Troubleshooting Kafka TLS/SSL connection issues

After configuring Vertica, Kafka, and your scheduler to use TLS/SSL authentication and encryption, you may encounter issues with data streaming.

After configuring Vertica, Kafka, and your scheduler to use TLS/SSL authentication and encryption, you may encounter issues with data streaming. This section explains some of the more common errors you may encounter, and how to trouble shoot them.

Errors when launching the scheduler

You may see errors like this when launching the scheduler:

$ vkconfig launch --conf weblog.conf
java.sql.SQLNonTransientException: com.vertica.solutions.kafka.exception.ConfigurationException:
       No keystore system property found: null
    at com.vertica.solutions.kafka.util.SQLUtilities.getConnection(SQLUtilities.java:181)
    at com.vertica.solutions.kafka.cli.CLIUtil.assertDBConnectionWorks(CLIUtil.java:40)
    at com.vertica.solutions.kafka.Launcher.run(Launcher.java:135)
    at com.vertica.solutions.kafka.Launcher.main(Launcher.java:263)
Caused by: com.vertica.solutions.kafka.exception.ConfigurationException: No keystore system property found: null
    at com.vertica.solutions.kafka.security.KeyStoreUtil.loadStore(KeyStoreUtil.java:77)
    at com.vertica.solutions.kafka.security.KeyStoreUtil.<init>(KeyStoreUtil.java:42)
    at com.vertica.solutions.kafka.util.SQLUtilities.getConnection(SQLUtilities.java:179)
    ... 3 more

The scheduler throws these errors when it cannot locate or read the keystore or truststore files. To resolve this issue:

  • Verify you have set the VKCONFIG_JVM_OPTS Linux environment variable. Without this variable, the scheduler will not know where to find the truststore and keystore to use when creating TLS/SSL connections. See Step 2: Set the VKCONFIG_JVM_OPTS Environment Variable for more information.
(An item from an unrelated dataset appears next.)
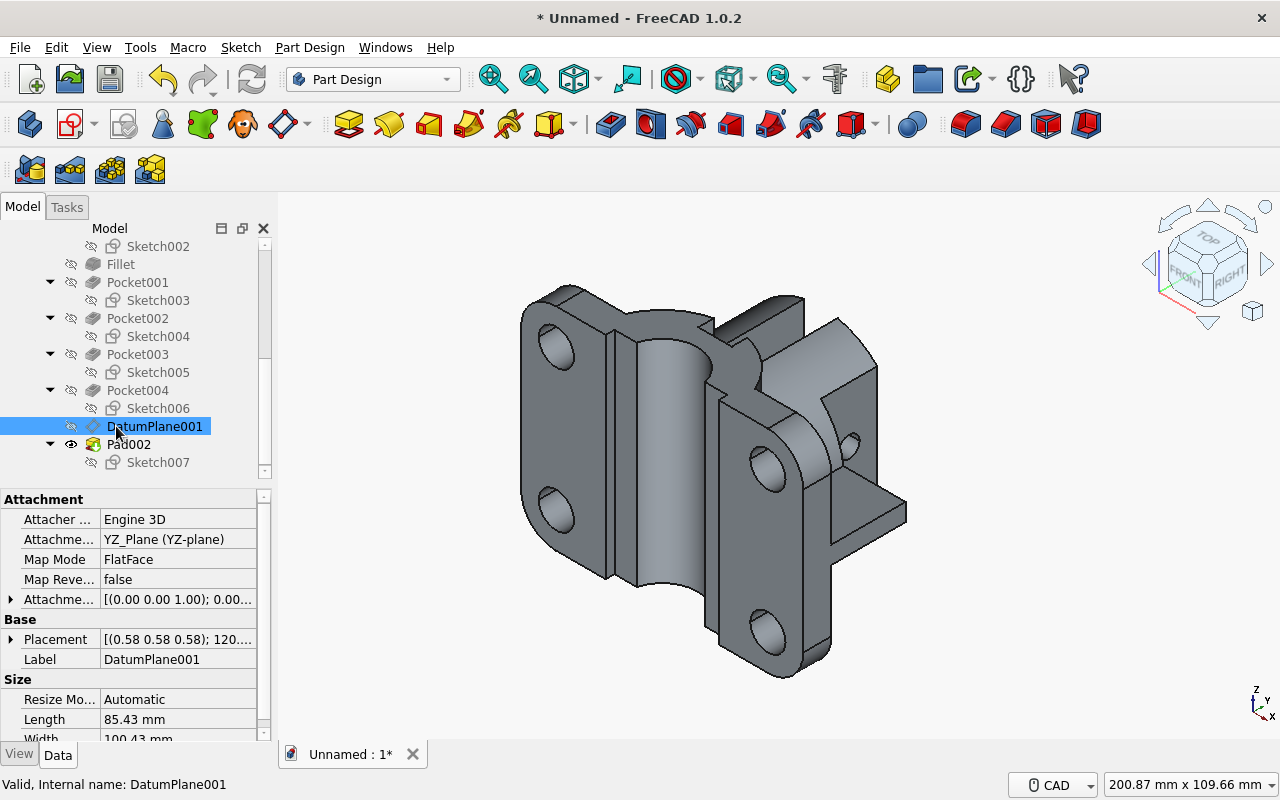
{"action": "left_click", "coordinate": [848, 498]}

  • Verify that the keystore and truststore files are located in the path you set in the VKCONFIG_JVM_OPTS environment variable.
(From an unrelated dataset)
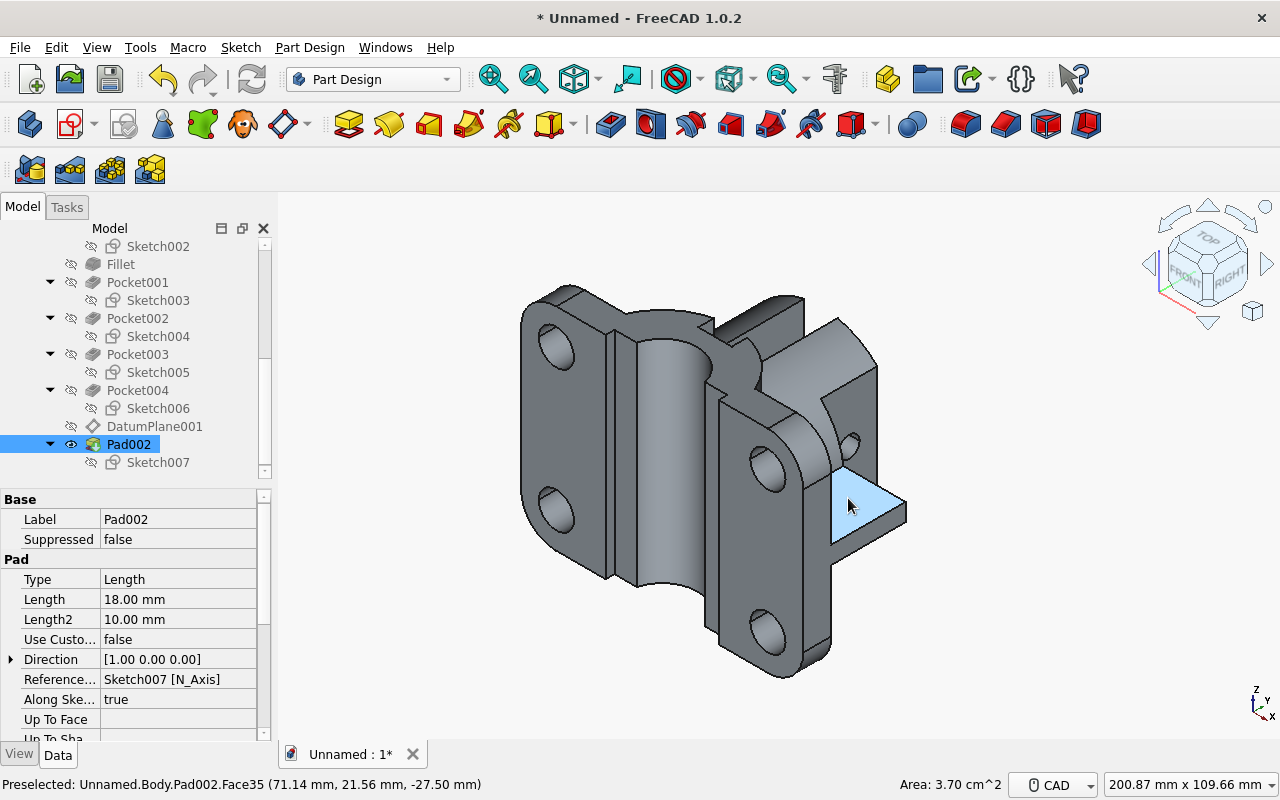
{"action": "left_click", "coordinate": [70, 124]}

  • Verify that the user account that runs the scheduler has read access to the trustore and keystore files.

  • Verify that the key password you provide in the scheduler configuration is correct. Note that you must supply the password for the key, not the keystore.

Another possible error message is a failure to set up a TLS Keystore:

Exception in thread "main" java.sql.SQLRecoverableException: [Vertica][VJDBC](100024) IOException while communicating with server: java.io.IOException: Failed to create an SSLSocketFactory when setting up TLS: keystore not found.
        at com.vertica.io.ProtocolStream.logAndConvertToNetworkException(Unknown Source)
        at com.vertica.io.ProtocolStream.enableSSL(Unknown Source)
        at com.vertica.io.ProtocolStream.initSession(Unknown Source)
        at com.vertica.core.VConnection.tryConnect(Unknown Source)
        at com.vertica.core.VConnection.connect(Unknown Source)
        . . .

This error can be caused by using a keystore or truststore file in a format other than JKS and not supplying the correct file extension. If the scheduler does not recognize the file extension of your keystore or truststore file name, it assumes the file is in JKS format. If the file isn't in this format, the scheduler will exit with the error message shown above. To correct this error, rename the keystore and truststore files to use the correct file extension. For example, if your files are in PKCS 12 filemat, change their file extension to .p12 or .pks.

Data does not load

If you find that scheduler is not loading data into your database, you should first query the stream_microbatch_history table to determine whether the scheduler is executing microbatches, and if so, what their results are. A faulty TLS/SSL configuration usually results in a status of NETWORK_ISSUE:

=> SELECT frame_start, end_reason, end_reason_message FROM weblog_sched.stream_microbatch_history;
       frame_start       |  end_reason   | end_reason_message
-------------------------+---------------+--------------------
 2019-04-05 11:35:18.365 | NETWORK_ISSUE |
 2019-04-05 11:35:38.462 | NETWORK_ISSUE |

If you suspect an SSL issue, you can verify that Vertica is establishing a connection to Kafka by looking at Kafka's server.log file. Failed SSL connection attempts can appear in this log like this example:

java.io.IOException: Unexpected status returned by SSLEngine.wrap, expected
        CLOSED, received OK. Will not send close message to peer.
        at org.apache.kafka.common.network.SslTransportLayer.close(SslTransportLayer.java:172)
        at org.apache.kafka.common.utils.Utils.closeAll(Utils.java:703)
        at org.apache.kafka.common.network.KafkaChannel.close(KafkaChannel.java:61)
        at org.apache.kafka.common.network.Selector.doClose(Selector.java:739)
        at org.apache.kafka.common.network.Selector.close(Selector.java:727)
        at org.apache.kafka.common.network.Selector.pollSelectionKeys(Selector.java:520)
        at org.apache.kafka.common.network.Selector.poll(Selector.java:412)
        at kafka.network.Processor.poll(SocketServer.scala:551)
        at kafka.network.Processor.run(SocketServer.scala:468)
        at java.lang.Thread.run(Thread.java:748)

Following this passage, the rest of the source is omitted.